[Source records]
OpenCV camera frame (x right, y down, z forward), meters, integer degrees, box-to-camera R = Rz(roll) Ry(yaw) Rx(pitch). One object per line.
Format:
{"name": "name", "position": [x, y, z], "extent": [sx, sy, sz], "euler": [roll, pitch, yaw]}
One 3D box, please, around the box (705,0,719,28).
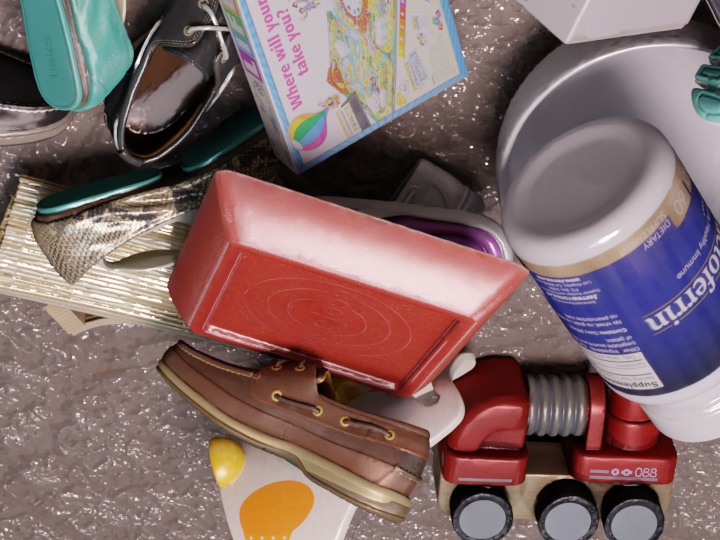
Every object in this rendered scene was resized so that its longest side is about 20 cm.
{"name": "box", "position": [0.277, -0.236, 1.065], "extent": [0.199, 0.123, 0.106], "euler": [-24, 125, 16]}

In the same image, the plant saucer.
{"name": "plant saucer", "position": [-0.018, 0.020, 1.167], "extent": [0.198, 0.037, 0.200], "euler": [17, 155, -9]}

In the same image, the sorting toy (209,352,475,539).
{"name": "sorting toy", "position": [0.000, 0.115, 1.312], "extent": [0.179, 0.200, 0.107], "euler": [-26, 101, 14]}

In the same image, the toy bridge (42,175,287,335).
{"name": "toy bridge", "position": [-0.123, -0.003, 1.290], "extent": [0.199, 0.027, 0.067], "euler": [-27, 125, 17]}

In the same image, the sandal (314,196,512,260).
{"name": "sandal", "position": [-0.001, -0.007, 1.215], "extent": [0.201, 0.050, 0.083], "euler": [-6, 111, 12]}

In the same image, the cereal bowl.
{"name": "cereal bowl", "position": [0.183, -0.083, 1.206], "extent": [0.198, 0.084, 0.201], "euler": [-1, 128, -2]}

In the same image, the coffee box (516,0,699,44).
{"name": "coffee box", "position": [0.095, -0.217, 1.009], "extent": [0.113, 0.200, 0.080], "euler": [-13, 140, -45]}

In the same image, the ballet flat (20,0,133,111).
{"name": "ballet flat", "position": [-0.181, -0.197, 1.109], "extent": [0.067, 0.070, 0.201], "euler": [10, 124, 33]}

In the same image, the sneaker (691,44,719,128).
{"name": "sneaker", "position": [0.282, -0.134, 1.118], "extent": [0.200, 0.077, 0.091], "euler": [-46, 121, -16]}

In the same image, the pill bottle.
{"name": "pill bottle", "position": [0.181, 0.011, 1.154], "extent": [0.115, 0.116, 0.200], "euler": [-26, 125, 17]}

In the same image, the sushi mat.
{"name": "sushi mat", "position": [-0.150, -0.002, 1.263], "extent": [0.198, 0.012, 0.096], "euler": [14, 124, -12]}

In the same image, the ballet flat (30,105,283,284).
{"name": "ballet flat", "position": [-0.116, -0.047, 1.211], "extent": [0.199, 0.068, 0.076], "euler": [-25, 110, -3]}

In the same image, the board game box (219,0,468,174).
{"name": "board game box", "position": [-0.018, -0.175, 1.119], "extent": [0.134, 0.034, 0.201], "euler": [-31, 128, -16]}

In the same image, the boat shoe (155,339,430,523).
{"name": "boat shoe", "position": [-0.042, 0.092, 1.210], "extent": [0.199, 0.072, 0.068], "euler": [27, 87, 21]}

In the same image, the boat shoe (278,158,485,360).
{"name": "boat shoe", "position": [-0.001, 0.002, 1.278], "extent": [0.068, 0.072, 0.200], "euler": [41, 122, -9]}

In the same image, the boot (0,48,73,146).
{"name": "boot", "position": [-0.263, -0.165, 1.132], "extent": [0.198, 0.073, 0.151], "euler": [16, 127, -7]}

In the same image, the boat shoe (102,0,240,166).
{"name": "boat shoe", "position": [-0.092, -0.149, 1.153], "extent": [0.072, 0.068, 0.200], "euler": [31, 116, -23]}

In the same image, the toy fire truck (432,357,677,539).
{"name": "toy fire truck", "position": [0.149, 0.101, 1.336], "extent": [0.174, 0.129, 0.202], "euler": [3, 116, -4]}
---
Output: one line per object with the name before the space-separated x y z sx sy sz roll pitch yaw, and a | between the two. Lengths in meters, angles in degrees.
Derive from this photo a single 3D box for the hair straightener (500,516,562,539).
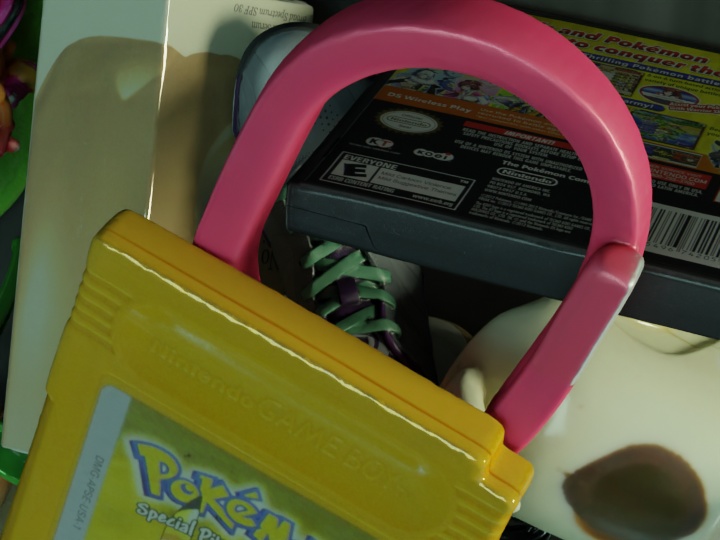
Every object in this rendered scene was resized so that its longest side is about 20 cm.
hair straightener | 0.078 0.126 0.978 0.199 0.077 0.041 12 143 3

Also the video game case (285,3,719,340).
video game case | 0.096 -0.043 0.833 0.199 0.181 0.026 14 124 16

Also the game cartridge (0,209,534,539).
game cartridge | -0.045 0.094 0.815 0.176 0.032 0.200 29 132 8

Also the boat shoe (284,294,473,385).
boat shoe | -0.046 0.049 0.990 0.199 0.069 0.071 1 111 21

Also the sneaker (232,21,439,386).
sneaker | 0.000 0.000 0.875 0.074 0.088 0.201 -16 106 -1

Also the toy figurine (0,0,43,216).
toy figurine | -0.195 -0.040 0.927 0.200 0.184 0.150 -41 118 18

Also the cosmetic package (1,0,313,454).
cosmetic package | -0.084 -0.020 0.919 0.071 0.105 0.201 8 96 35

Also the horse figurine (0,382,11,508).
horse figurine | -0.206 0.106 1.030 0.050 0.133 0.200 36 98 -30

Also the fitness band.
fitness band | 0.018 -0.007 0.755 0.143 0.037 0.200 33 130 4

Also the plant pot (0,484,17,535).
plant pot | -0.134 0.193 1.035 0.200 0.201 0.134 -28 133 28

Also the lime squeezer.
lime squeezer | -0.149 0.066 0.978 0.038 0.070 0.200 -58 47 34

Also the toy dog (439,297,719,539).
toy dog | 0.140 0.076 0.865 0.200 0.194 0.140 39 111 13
--
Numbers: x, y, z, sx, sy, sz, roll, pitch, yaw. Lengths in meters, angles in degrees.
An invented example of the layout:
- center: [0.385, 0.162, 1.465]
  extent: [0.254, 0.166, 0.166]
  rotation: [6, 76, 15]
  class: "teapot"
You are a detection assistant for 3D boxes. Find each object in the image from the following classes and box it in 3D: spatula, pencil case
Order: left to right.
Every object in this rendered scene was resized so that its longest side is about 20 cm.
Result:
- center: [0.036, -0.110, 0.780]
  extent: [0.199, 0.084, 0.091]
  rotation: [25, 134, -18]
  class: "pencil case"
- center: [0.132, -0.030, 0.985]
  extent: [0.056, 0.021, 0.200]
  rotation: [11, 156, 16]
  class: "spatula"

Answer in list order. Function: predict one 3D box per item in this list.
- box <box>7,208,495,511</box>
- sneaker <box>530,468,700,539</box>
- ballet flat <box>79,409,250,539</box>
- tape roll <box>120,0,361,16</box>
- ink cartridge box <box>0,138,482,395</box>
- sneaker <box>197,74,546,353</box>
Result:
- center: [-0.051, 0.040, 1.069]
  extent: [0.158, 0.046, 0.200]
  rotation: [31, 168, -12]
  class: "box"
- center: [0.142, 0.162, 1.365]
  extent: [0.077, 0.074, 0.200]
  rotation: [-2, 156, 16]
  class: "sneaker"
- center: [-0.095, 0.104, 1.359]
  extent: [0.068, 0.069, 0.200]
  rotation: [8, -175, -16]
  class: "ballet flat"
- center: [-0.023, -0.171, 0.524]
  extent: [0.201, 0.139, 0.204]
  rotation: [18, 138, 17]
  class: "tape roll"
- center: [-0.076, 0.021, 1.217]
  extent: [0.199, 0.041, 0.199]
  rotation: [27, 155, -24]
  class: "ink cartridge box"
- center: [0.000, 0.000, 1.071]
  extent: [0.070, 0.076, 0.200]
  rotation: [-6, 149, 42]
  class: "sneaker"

▶ **TASK TO COMPLETE**
Write out every line from the data above that includes "meters".

▶ **PROBLEM SOLUTION**
OpenCV camera frame (x right, y down, z forward), meters, integer degrees, box-to-camera R = Rz(roll) Ry(yaw) Rx(pitch). One object per line.
Output: one line per object with the name before the space-separated x y z sx sy sz roll pitch yaw, and a | between the two. Lengths in meters, angles in degrees.
Numbers: x, y, z, sx, sy, sz, roll, pitch, yaw. Lengths in meters, angles in degrees.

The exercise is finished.